The mortgage lender that funds your loan is called the originator. A loan originator may be a bank, a credit union, or other type of financial institution. On the date of funding, the money flows out of the originator’s hands and into yours. You then turn that money over to the seller of the home.

Once the loan is funded, the originator has the option of keeping that loan in its portfolio or selling it on the secondary market. If the originator keeps the loan, it makes money by way of the interest you pay each month. If the loan is sold, the originator replenishes its funds, and can make more loans to other homebuyers. Basically, the secondary market investors keep funds circulating so that loan originators don’t run out of money for new mortgages.

Today’s secondary market investors include government-chartered companies like Fannie Mae and Freddie Mac, plus insurance companies, pension funds, and securities dealers. Although Fannie Mae and Freddie Mac are different organizations, they participate in similar activities. Both can buy mortgages, and both can group mortgages together for resale in what’s called mortgage-backed securities (MBS). These are highly liquid investments, meaning that they can be readily bought and sold.

How does the secondary market affect you as a would-be homebuyer?

Investors want to earn the best return possible. The level of return is determined by the current and anticipated condition of the economy. When the economy is on an upswing, future yields are expected to be better than current yields. Investors, therefore, will hold off buying until higher yields materialize. This drives mortgage interest rates up, because lenders cannot sell their loans at lower yields.

Conversely, when the economy is in a downturn, investors buy up what’s available to avoid being stuck with lower yields later. This drives mortgage rates down, as investors are clamoring to buy before yields get too low.
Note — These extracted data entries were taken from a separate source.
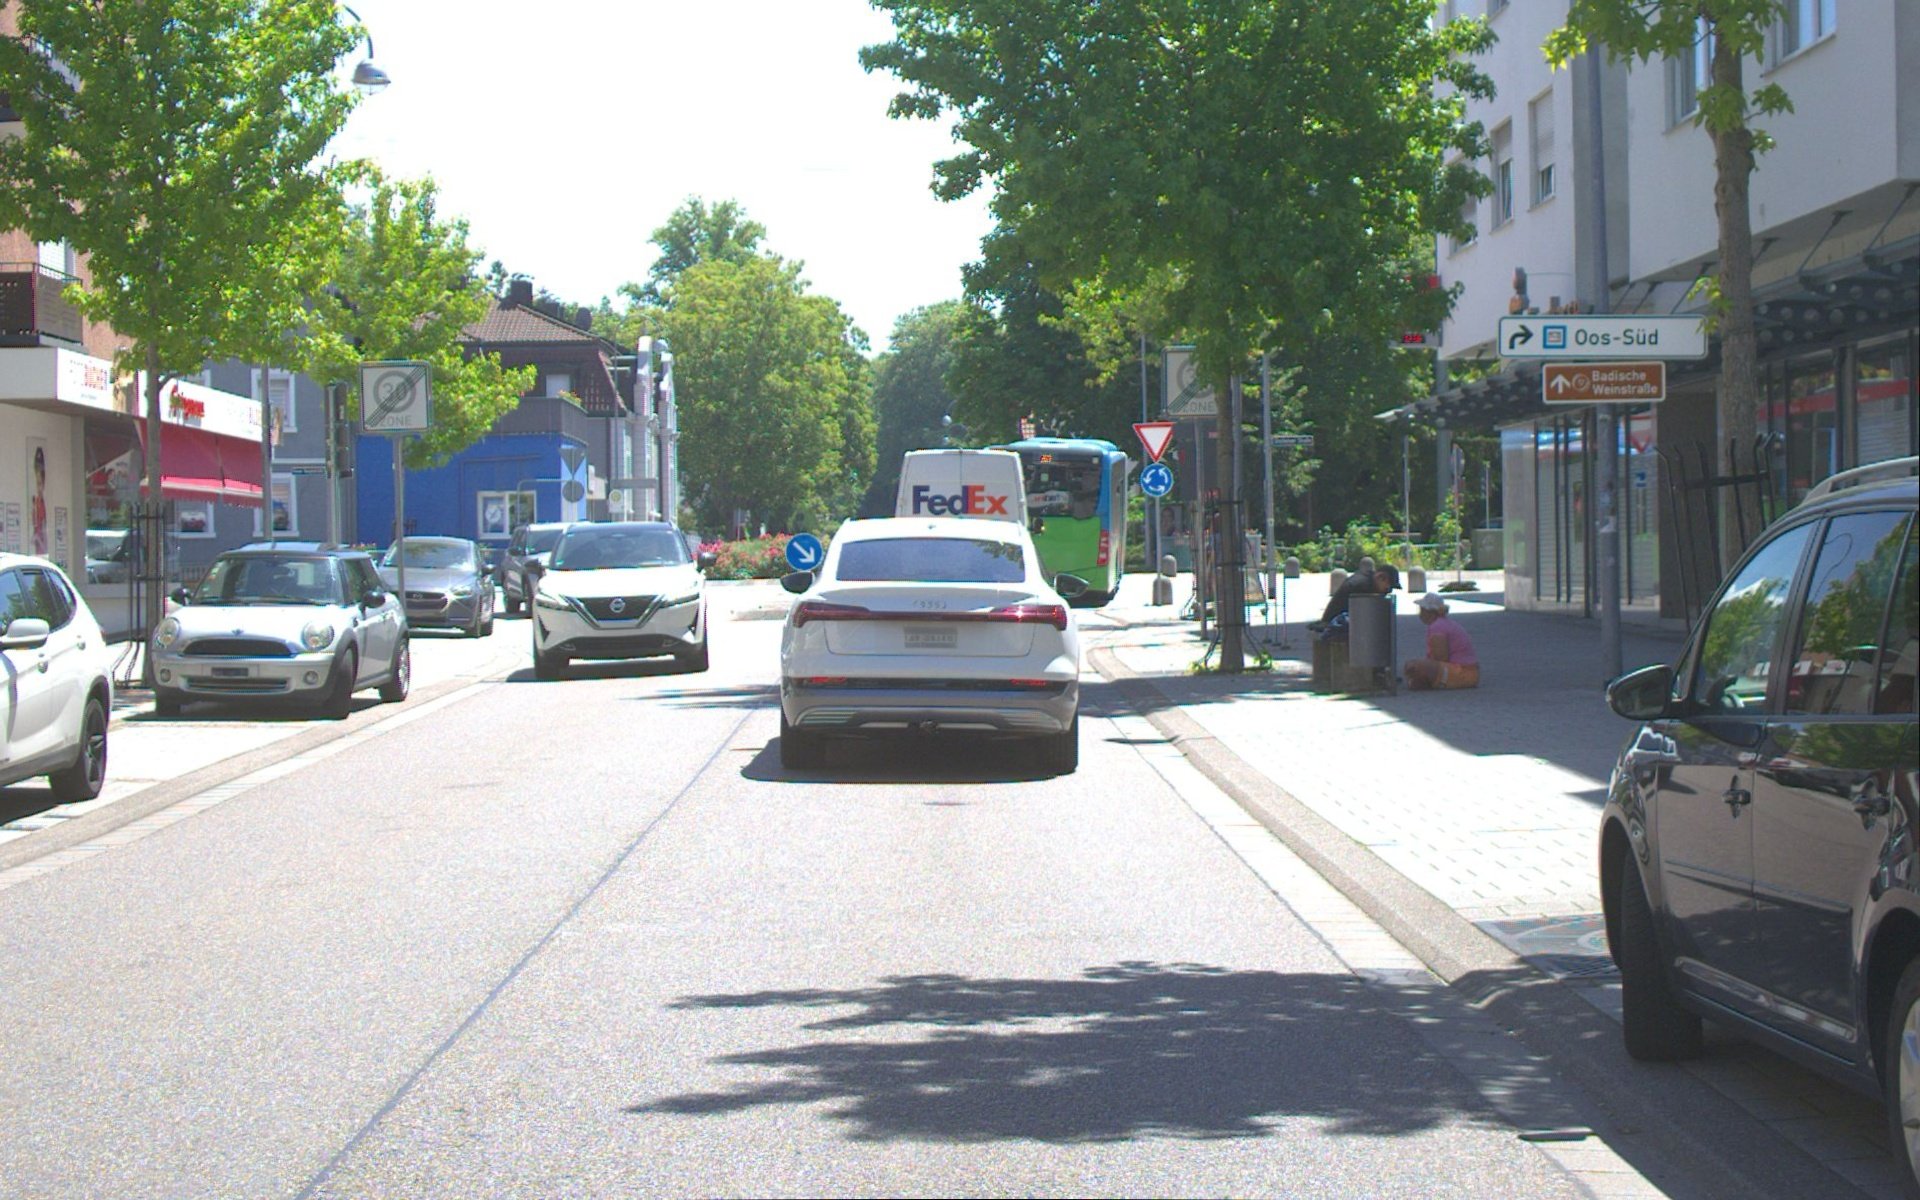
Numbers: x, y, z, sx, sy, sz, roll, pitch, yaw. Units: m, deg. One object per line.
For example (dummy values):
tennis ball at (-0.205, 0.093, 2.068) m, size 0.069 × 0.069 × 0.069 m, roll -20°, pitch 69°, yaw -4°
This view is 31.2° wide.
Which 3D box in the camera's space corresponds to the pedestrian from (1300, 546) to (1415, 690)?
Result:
pedestrian at (3.489, 0.154, 30.233) m, size 0.906 × 1.232 × 0.648 m, roll -1°, pitch 1°, yaw -1°

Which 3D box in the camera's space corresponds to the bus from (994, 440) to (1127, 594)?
bus at (2.126, -1.790, 75.310) m, size 2.661 × 3.199 × 7.452 m, roll 0°, pitch 1°, yaw 0°

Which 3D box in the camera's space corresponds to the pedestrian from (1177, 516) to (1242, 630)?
pedestrian at (3.340, -0.363, 46.052) m, size 0.580 × 1.497 × 0.719 m, roll -2°, pitch 1°, yaw -24°

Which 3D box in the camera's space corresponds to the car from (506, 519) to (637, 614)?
car at (-7.549, -0.653, 66.562) m, size 1.864 × 1.751 × 4.001 m, roll 1°, pitch 1°, yaw -16°

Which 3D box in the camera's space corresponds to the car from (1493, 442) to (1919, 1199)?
car at (2.735, 0.454, 8.481) m, size 1.855 × 1.669 × 4.537 m, roll -3°, pitch 1°, yaw -3°

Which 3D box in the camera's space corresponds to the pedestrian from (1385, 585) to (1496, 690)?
pedestrian at (4.155, 0.320, 29.765) m, size 0.906 × 0.876 × 0.648 m, roll -1°, pitch 1°, yaw 5°

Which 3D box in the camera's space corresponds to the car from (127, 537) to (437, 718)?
car at (-5.908, 0.194, 30.453) m, size 1.752 × 1.448 × 4.401 m, roll 1°, pitch 1°, yaw 1°

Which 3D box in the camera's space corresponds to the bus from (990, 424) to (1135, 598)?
bus at (2.048, -1.703, 67.994) m, size 2.661 × 3.210 × 7.301 m, roll 1°, pitch 1°, yaw 2°

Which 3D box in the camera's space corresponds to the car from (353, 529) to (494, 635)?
car at (-8.009, -0.295, 51.617) m, size 1.837 × 1.490 × 4.001 m, roll -1°, pitch 1°, yaw -5°

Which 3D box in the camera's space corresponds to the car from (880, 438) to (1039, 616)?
car at (-0.023, -1.044, 50.242) m, size 2.156 × 2.433 × 5.283 m, roll 1°, pitch 1°, yaw 0°

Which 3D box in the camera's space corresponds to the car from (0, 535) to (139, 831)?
car at (-6.118, 0.429, 19.587) m, size 1.752 × 1.612 × 4.401 m, roll 1°, pitch 1°, yaw 1°

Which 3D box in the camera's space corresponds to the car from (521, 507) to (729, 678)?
car at (-3.576, -0.109, 37.319) m, size 1.856 × 1.686 × 4.151 m, roll -2°, pitch 1°, yaw -1°

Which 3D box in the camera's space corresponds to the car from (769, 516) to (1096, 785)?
car at (-0.226, 0.276, 23.063) m, size 1.993 × 1.627 × 4.000 m, roll 1°, pitch 1°, yaw -2°

Keeping your eye on mortgage rates

There are many factors that influence mortgage rates, including unemployment and inflation levels, trends in the stock and bond markets, and the federal funds rate. None of these alone will give you surefire insight into the future of rates, but by keeping your eye on all of them, you can have some sense where they are headed.
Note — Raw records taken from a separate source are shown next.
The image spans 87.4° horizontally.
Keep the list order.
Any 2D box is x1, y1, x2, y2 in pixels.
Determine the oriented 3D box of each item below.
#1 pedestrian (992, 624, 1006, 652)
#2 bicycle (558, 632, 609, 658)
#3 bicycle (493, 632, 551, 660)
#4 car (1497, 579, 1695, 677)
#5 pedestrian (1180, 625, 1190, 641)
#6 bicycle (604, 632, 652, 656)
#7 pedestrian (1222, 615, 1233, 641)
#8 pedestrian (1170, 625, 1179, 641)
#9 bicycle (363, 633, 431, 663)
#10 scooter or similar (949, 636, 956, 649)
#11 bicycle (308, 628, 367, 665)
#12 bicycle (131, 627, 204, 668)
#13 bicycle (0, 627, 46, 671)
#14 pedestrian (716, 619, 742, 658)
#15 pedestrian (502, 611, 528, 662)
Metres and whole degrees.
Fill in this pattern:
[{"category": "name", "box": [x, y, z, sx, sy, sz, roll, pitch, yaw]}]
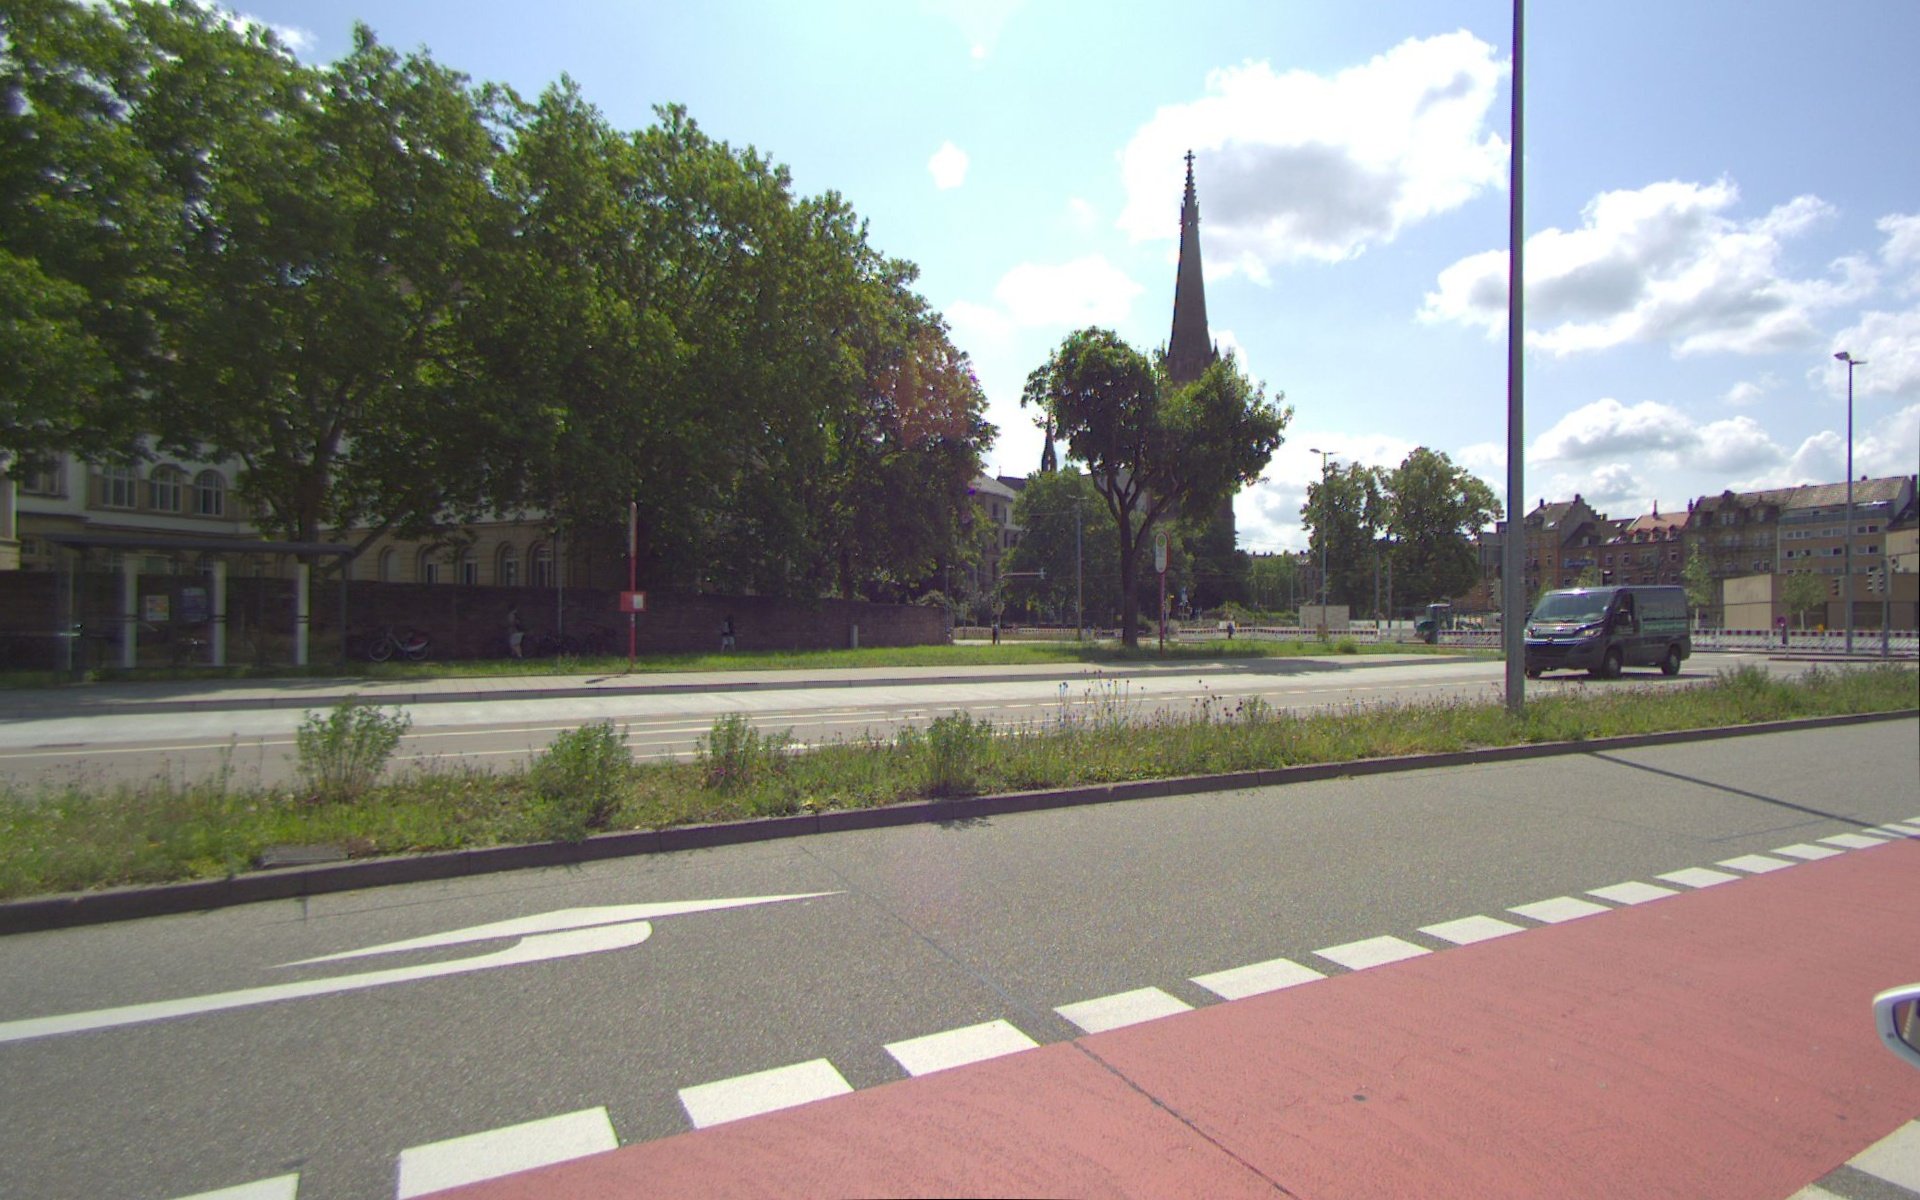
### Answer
[{"category": "pedestrian", "box": [2.891, 2.816, 74.741, 0.713, 2.040, 0.721, 1, -1, -32]}, {"category": "bicycle", "box": [-12.782, 1.514, 34.142, 0.324, 0.828, 1.743, 0, -1, 36]}, {"category": "bicycle", "box": [-14.020, 1.463, 32.190, 0.378, 0.828, 1.743, 0, -1, 36]}, {"category": "car", "box": [15.785, 0.717, 24.891, 4.961, 2.204, 2.137, 1, -3, -31]}, {"category": "pedestrian", "box": [24.193, 3.572, 107.986, 0.842, 1.685, 0.751, 0, -1, 29]}, {"category": "bicycle", "box": [-11.778, 1.543, 35.668, 0.324, 0.828, 1.743, 0, -1, 36]}, {"category": "pedestrian", "box": [20.801, 2.161, 78.114, 0.625, 2.040, 0.643, 1, -1, -32]}, {"category": "pedestrian", "box": [22.945, 3.532, 107.414, 0.842, 1.685, 0.751, 0, -1, 29]}, {"category": "bicycle", "box": [-16.243, 1.380, 29.000, 0.324, 0.828, 1.743, 0, -1, 36]}, {"category": "scooter or similar", "box": [-0.437, 2.477, 58.968, 0.117, 0.721, 1.005, 0, -1, 17]}, {"category": "bicycle", "box": [-17.163, 1.266, 27.703, 0.260, 0.977, 1.391, 0, -1, 36]}, {"category": "bicycle", "box": [-19.421, 1.158, 24.633, 0.260, 0.977, 1.391, 0, -1, 36]}, {"category": "bicycle", "box": [-21.261, 1.091, 22.312, 0.260, 0.977, 1.391, 0, -1, 36]}, {"category": "pedestrian", "box": [-8.658, 1.430, 37.653, 0.720, 1.413, 0.714, 1, -1, -35]}, {"category": "pedestrian", "box": [-13.183, 1.065, 29.756, 0.627, 1.492, 0.506, 1, -1, -32]}]

As mentioned earlier, the secondary mortgage market provides liquidity for the mortgage industry, by allowing investors to buy the aforementioned mortgage-backed securities, which pay a competitive yield relative to the risk involved. Treasury bonds are backed by the U.S. government and used as a benchmark, and are considered the safest debt securities available. The yields on mortgage-backed securities, therefore, need to be higher than intermediate-term Treasury bonds in order to make them desirable to investors, who are assuming a higher risk. Therefore, changes in Treasury bond yields can foreshadow changes in mortgage rates before they actually occur.

Another metric to keep your eye on is the federal funds rate, which is the rate that banks charge when they make an overnight sale to other banks of the money that they keep deposited at the Federal Reserve. The fed funds rate is set during meetings of the Federal Open Market Committee (FOMC), which regulates the buying and selling of U.S. Treasuries and federal agency securities. The FOMC holds eight meetings each year, where they review economic and financial conditions, and decide the best course of action to take to set monetary policy and keep the economy stable. A decrease in the rate will stimulate growth, and an increase will slow growth. Therefore, in periods of high inflation, the FOMC may raise interest rates, and in a period where they need to stimulate the economy, they will lower them. At each meeting, they will either lower, raise, or maintain the fed funds rate. Their decision will impact mortgage rates.

The fed funds rate is intermeshed with the stock market, because stock market trends influence – and are influenced by – the fed funds rate. If the market is struggling and in a downward trend, the FOMC may opt to reduce the fed funds rate and free up the supply of money. Conversely, if the market is on a tear, the Fed may increase the rate in order to keep the economy from overheating.

Today’s Rates: Fixed Mortgage Rates Continue Downward Slide

Freddie Mac released the results of its Primary Mortgage Market Survey® (PMMS®) on June 2nd, 2011, which showed fixed-rate mortgages declining for the seventh consecutive week to new lows amid continuing weak economic and housing data. The 30-year fixed averaged 4.55 percent and the 15-year averaged 3.74 percent.

Right now is a GREAT time to buy with low mortgage rates and affordable home prices!!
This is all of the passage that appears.